Fear gripped Sharon’s heart in the coldest fingers. She grabbed her phone and called Tarja.

Tarja didn’t pick up.

***

Things stopped going downhill before they had to go on stage, much to Sharon’s relief. She was tired and drained; every time she called to the studio back to say that she had nothing yet to offer, panic and guilt killed her a little.

Tarja wasn’t there for her most of the time. Her absence was the most evident now, when Sharon desperately needed someone to whisk her focus away from the dreadful reality: there might not be a future for WT (nor Sharon’s marriage, actually).

But she didn’t blame her. After realizing what she had been doing to the Finnish woman, Sharon only allowed herself to feel blessed whenever Tarja made time for her. She morphed into her active self, being positive, and never let the possibilities of forgiveness slip. Sharon felt better whenever the other woman seemed to put it all behind.

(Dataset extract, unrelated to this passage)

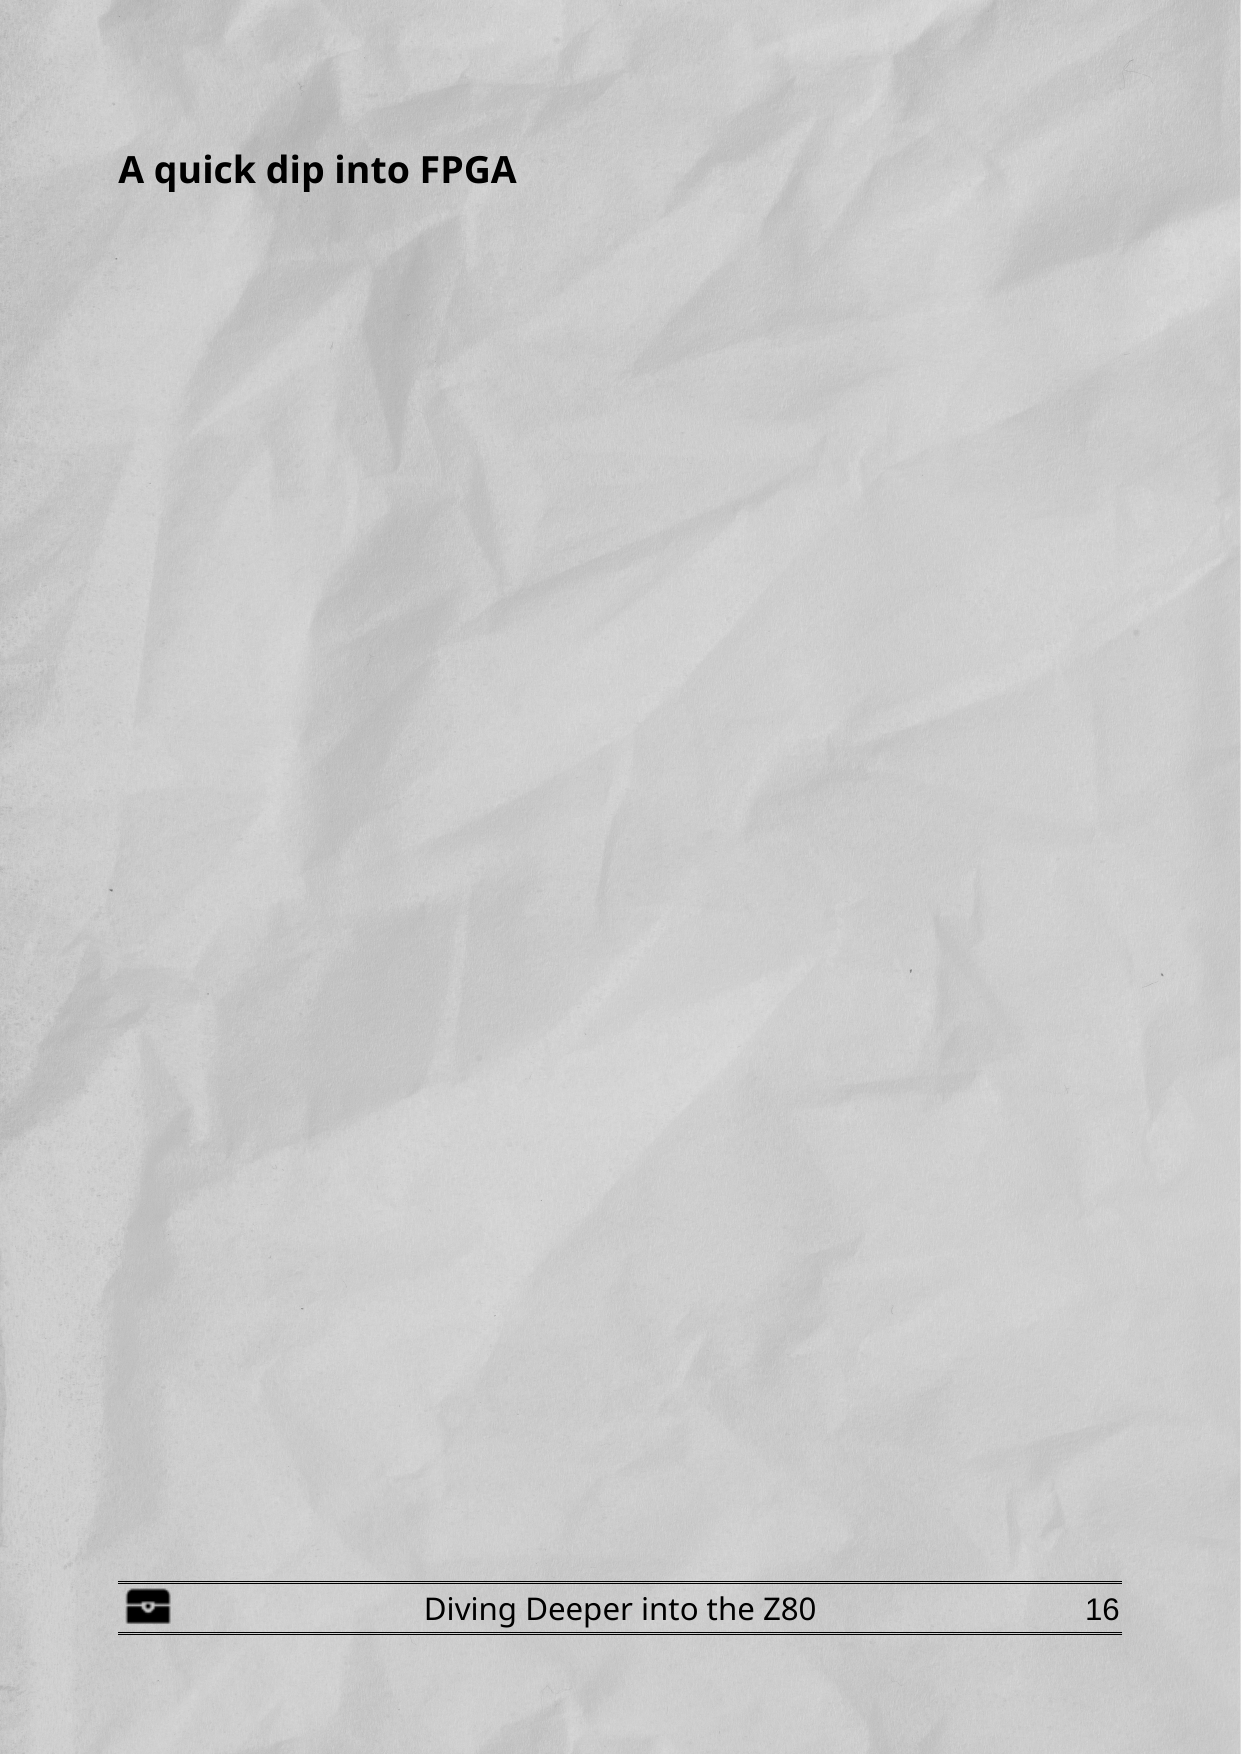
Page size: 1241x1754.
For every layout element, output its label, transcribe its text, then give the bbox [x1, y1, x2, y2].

subtitle A quick dip into FPGA [118, 143, 1122, 194]
picture [0, 0, 1241, 1754]
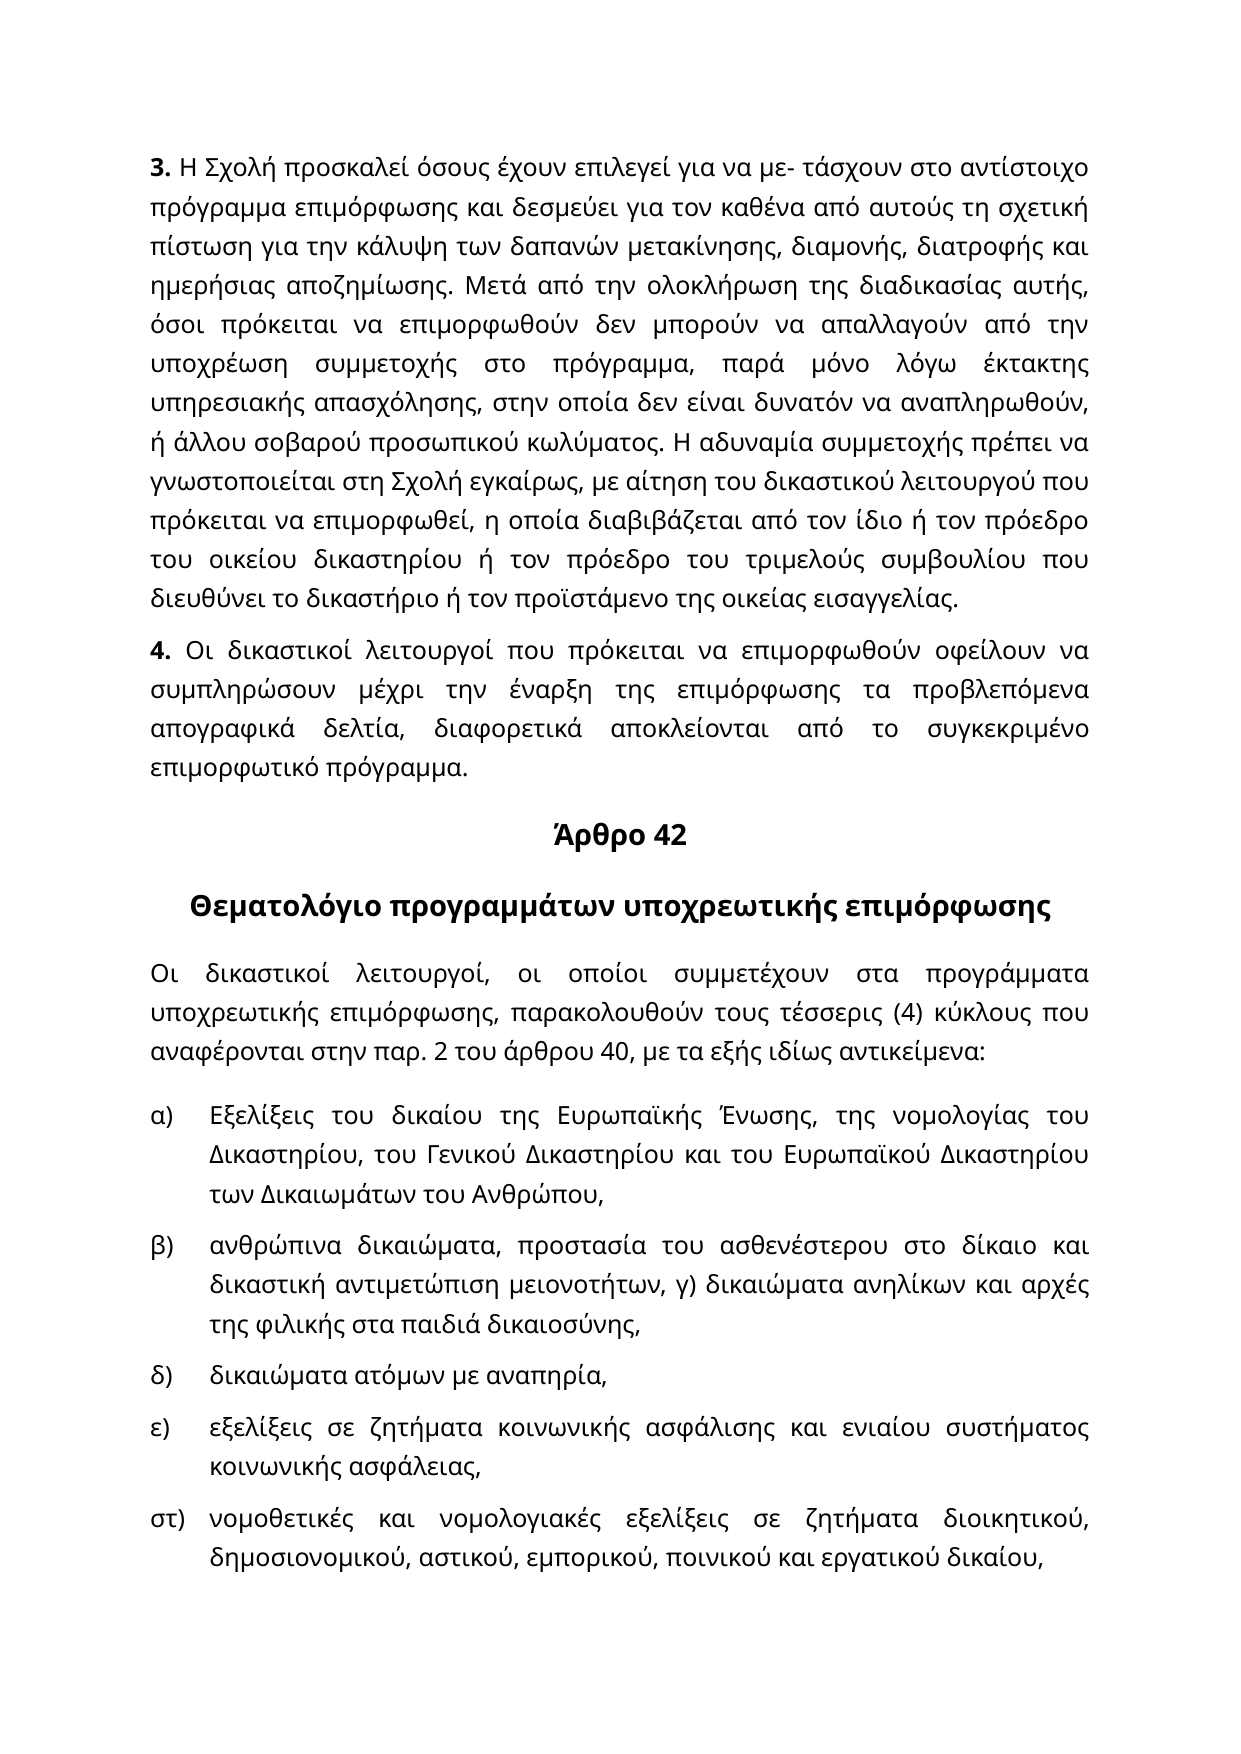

Only when Tarja sounded all right did Sharon relax.

“Do you remember that night we drank beer, after Hellfest?”

“I’ll never forget.”

A fond grin touched upon Sharon’s face as she spoke to the computer screen. Tarja didn’t smile back.

“And what I have told you? About you pushing yourself too hard?”

She didn’t like the worried look on her lover’s face, nor the urgency in her tone. But Sharon didn’t say anything.

_Remember. You ARE grateful._

“Yeah, I think so.” Tarja stayed silent and Sharon realized she was waiting for her to elaborate. Her palms started to get clammy, “So, how did the show go tonight?”

It was not what she intended to say. The frightening moment changed Sharon into someone she was not, and she was hoping Tarja would understand.

But the disappointment on Tarja’s face explained enough.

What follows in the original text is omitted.